* [Information supplied]:
________________

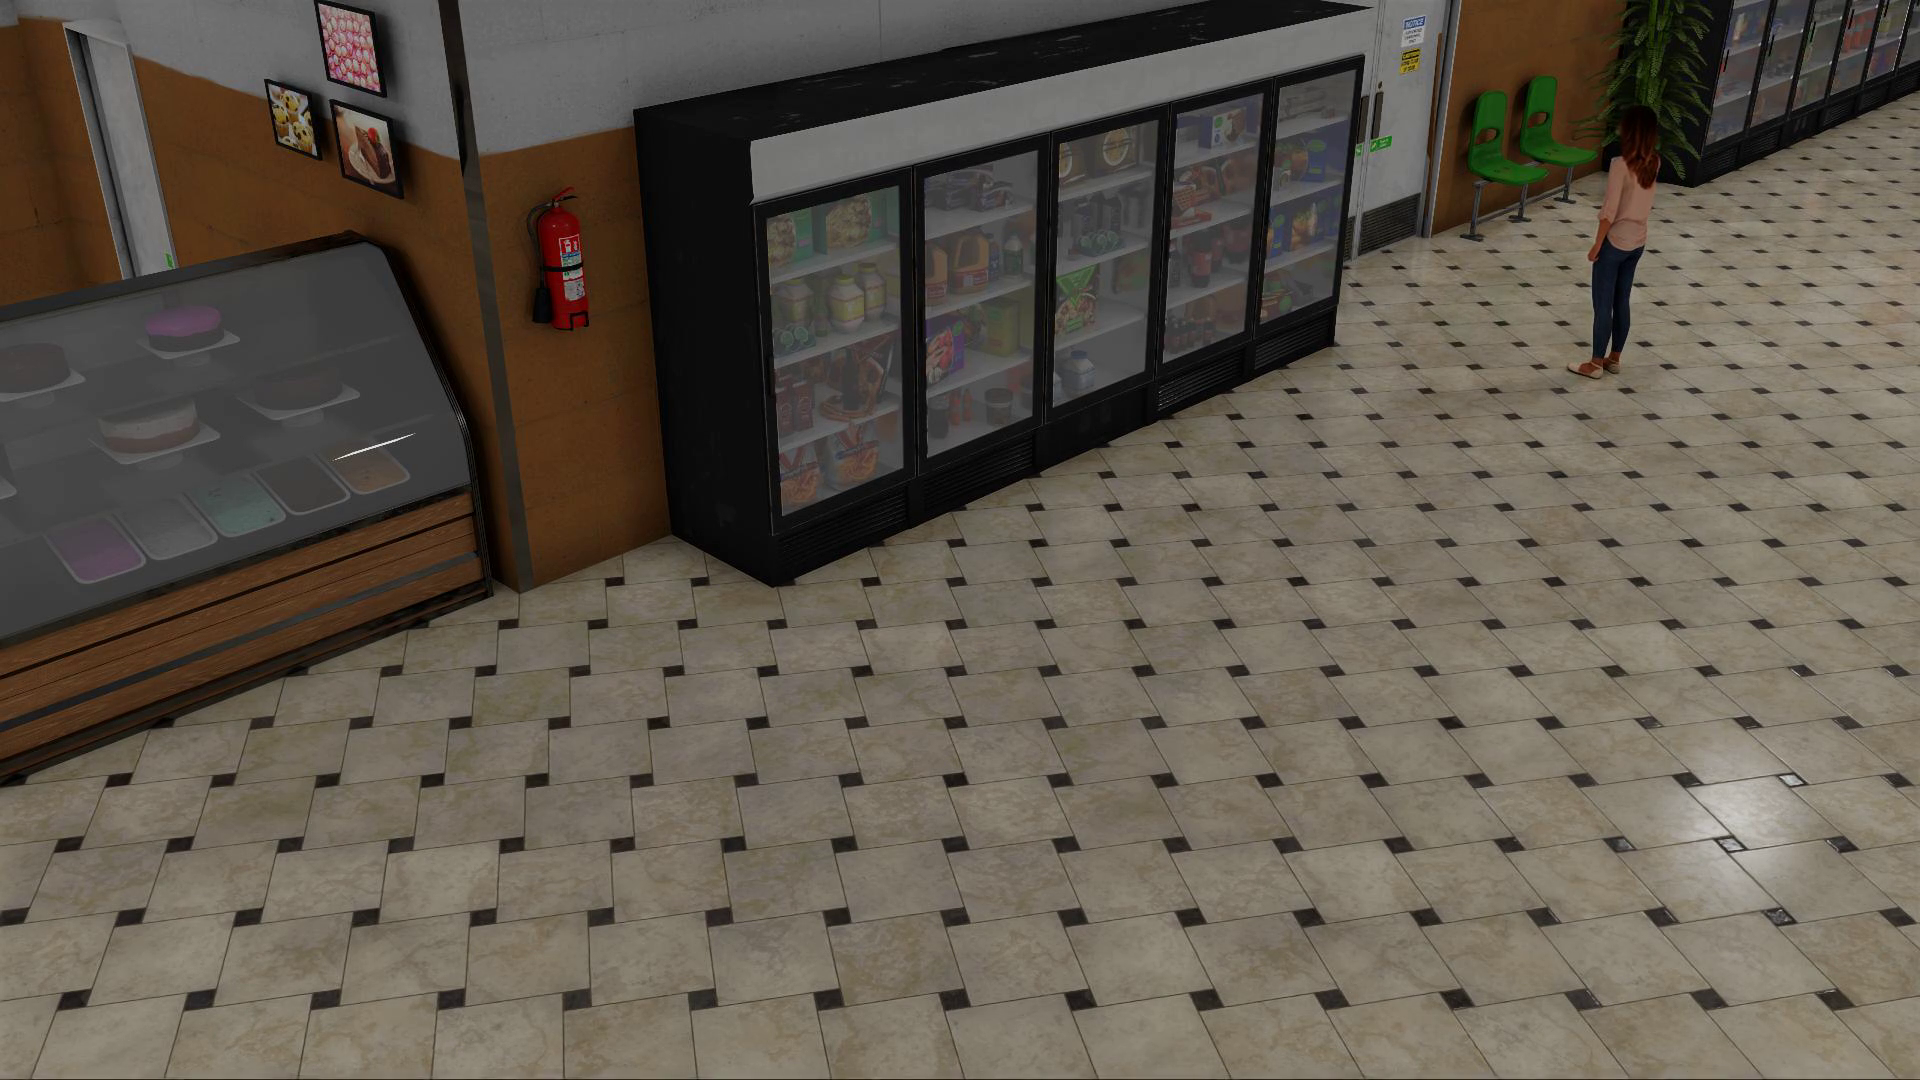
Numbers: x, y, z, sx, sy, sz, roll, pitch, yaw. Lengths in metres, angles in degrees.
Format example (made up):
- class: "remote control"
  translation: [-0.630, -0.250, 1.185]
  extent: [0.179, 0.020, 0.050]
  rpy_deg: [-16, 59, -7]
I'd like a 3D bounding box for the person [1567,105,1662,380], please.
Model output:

________________

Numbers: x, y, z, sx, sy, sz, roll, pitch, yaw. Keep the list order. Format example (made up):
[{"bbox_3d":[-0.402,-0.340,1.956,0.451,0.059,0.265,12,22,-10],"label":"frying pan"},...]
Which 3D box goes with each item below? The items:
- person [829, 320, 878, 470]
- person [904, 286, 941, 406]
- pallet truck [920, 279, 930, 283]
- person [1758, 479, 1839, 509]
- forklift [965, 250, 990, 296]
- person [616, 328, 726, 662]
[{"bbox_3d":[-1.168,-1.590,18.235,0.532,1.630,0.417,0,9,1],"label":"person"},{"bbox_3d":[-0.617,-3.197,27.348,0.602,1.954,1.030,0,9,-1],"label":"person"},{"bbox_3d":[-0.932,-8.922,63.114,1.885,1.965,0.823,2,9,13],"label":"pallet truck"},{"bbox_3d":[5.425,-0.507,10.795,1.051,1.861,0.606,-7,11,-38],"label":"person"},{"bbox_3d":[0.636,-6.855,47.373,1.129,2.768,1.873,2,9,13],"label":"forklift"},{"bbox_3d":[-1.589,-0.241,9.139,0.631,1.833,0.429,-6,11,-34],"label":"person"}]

________________

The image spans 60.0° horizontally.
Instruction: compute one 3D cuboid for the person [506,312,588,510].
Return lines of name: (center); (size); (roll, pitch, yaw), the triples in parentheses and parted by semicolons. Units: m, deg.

________________

* [Instructions for the task]:
If a line of the records above holds the word "Numbers", show it.

* [Written response]:
Numbers: x, y, z, sx, sy, sz, roll, pitch, yaw. Lengths in metres, angles in degrees.
Numbers: x, y, z, sx, sy, sz, roll, pitch, yaw. Keep the list order. Format example (made up):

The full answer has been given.